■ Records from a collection

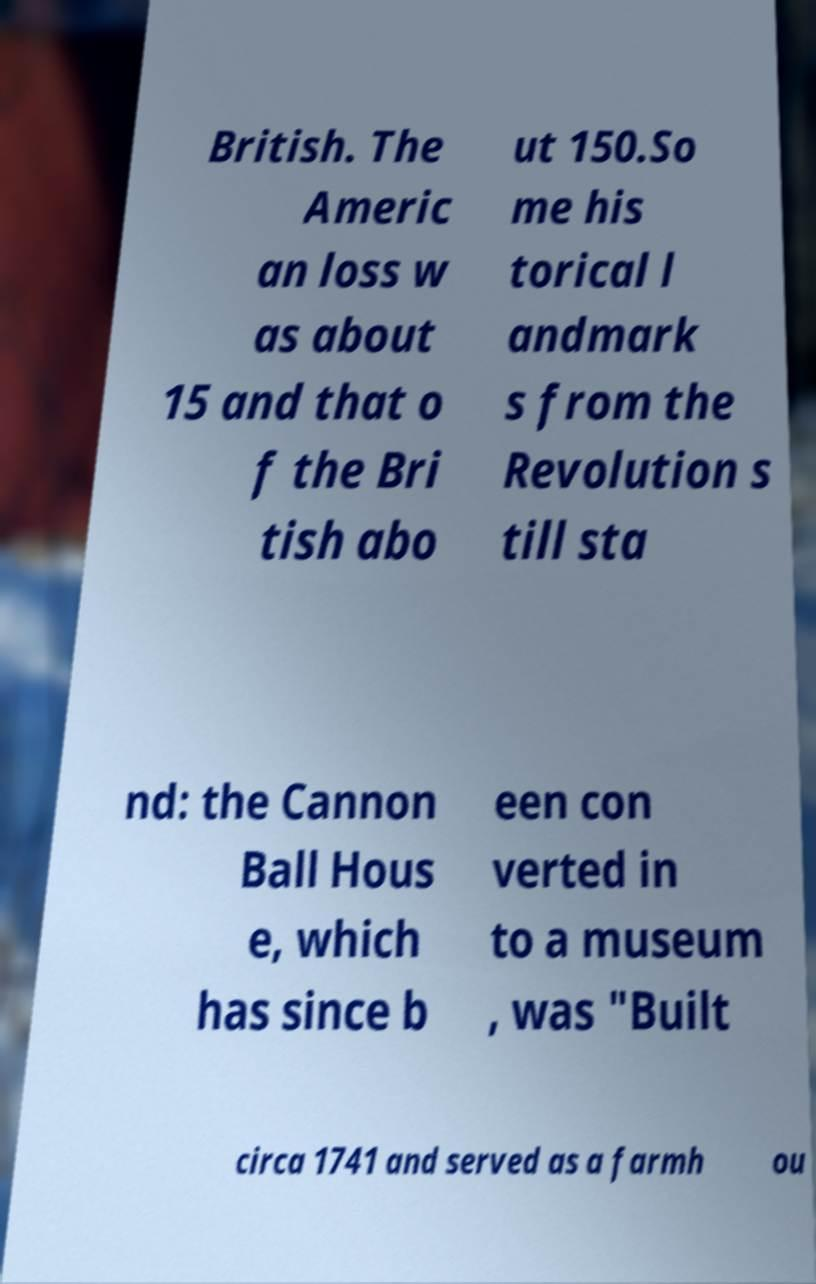Can you accurately transcribe the text from the provided image for me? British. The Americ an loss w as about 15 and that o f the Bri tish abo ut 150.So me his torical l andmark s from the Revolution s till sta nd: the Cannon Ball Hous e, which has since b een con verted in to a museum , was "Built circa 1741 and served as a farmh ou 
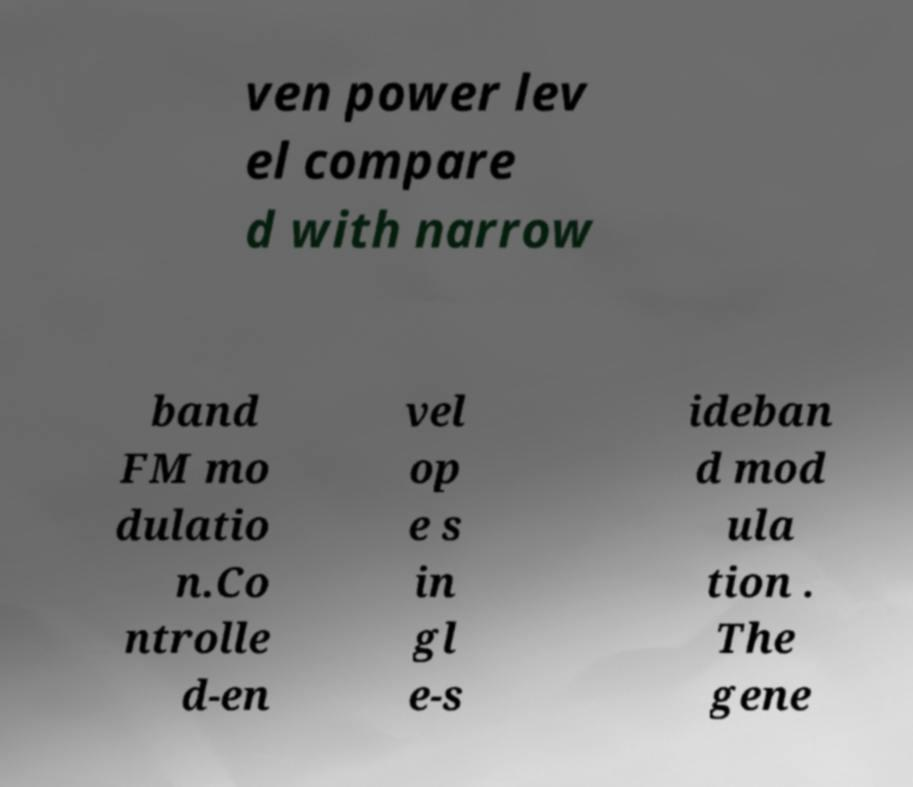Can you read and provide the text displayed in the image?This photo seems to have some interesting text. Can you extract and type it out for me? ven power lev el compare d with narrow band FM mo dulatio n.Co ntrolle d-en vel op e s in gl e-s ideban d mod ula tion . The gene 
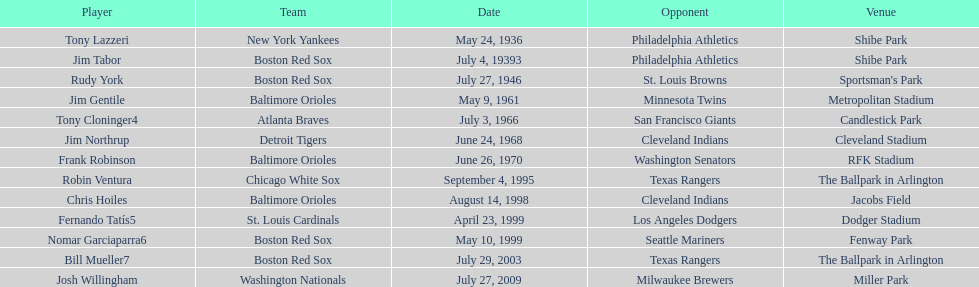What is the name of the most recent individual who has achieved this to date? Josh Willingham. 
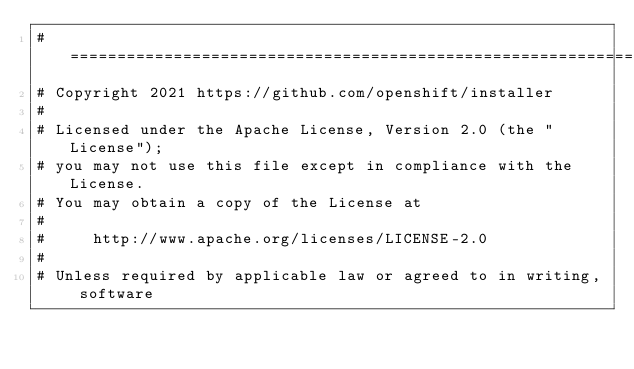Convert code to text. <code><loc_0><loc_0><loc_500><loc_500><_YAML_># =================================================================
# Copyright 2021 https://github.com/openshift/installer
# 
# Licensed under the Apache License, Version 2.0 (the "License");
# you may not use this file except in compliance with the License.
# You may obtain a copy of the License at
# 
#     http://www.apache.org/licenses/LICENSE-2.0
# 
# Unless required by applicable law or agreed to in writing, software</code> 
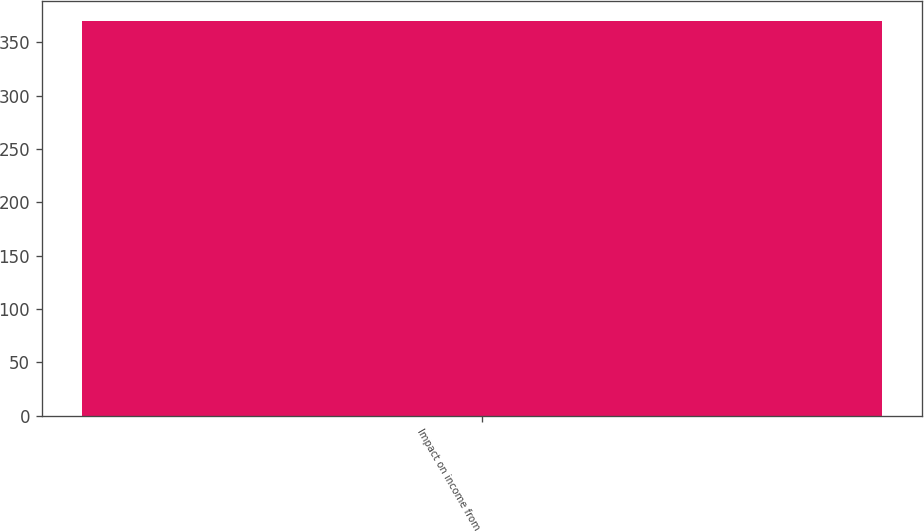Convert chart. <chart><loc_0><loc_0><loc_500><loc_500><bar_chart><fcel>Impact on income from<nl><fcel>370<nl></chart> 
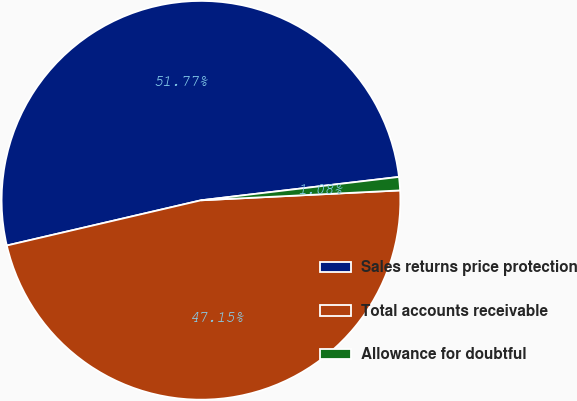Convert chart. <chart><loc_0><loc_0><loc_500><loc_500><pie_chart><fcel>Sales returns price protection<fcel>Total accounts receivable<fcel>Allowance for doubtful<nl><fcel>51.77%<fcel>47.15%<fcel>1.08%<nl></chart>

■ Required work
Write out, word for word, the line containing "What is the" and each line after it to the end of the data, and nothing more. Drop the pictures.

■ Answer box
What is the name of the most recent individual who has achieved this to date? Josh Willingham. 
Convert code to text. <code><loc_0><loc_0><loc_500><loc_500><_YAML_># =================================================================
# Copyright 2021 https://github.com/openshift/installer
# 
# Licensed under the Apache License, Version 2.0 (the "License");
# you may not use this file except in compliance with the License.
# You may obtain a copy of the License at
# 
#     http://www.apache.org/licenses/LICENSE-2.0
# 
# Unless required by applicable law or agreed to in writing, software</code> 
Convert chart. <chart><loc_0><loc_0><loc_500><loc_500><bar_chart><fcel>Impact on income from<nl><fcel>370<nl></chart> 
Convert chart. <chart><loc_0><loc_0><loc_500><loc_500><pie_chart><fcel>Sales returns price protection<fcel>Total accounts receivable<fcel>Allowance for doubtful<nl><fcel>51.77%<fcel>47.15%<fcel>1.08%<nl></chart>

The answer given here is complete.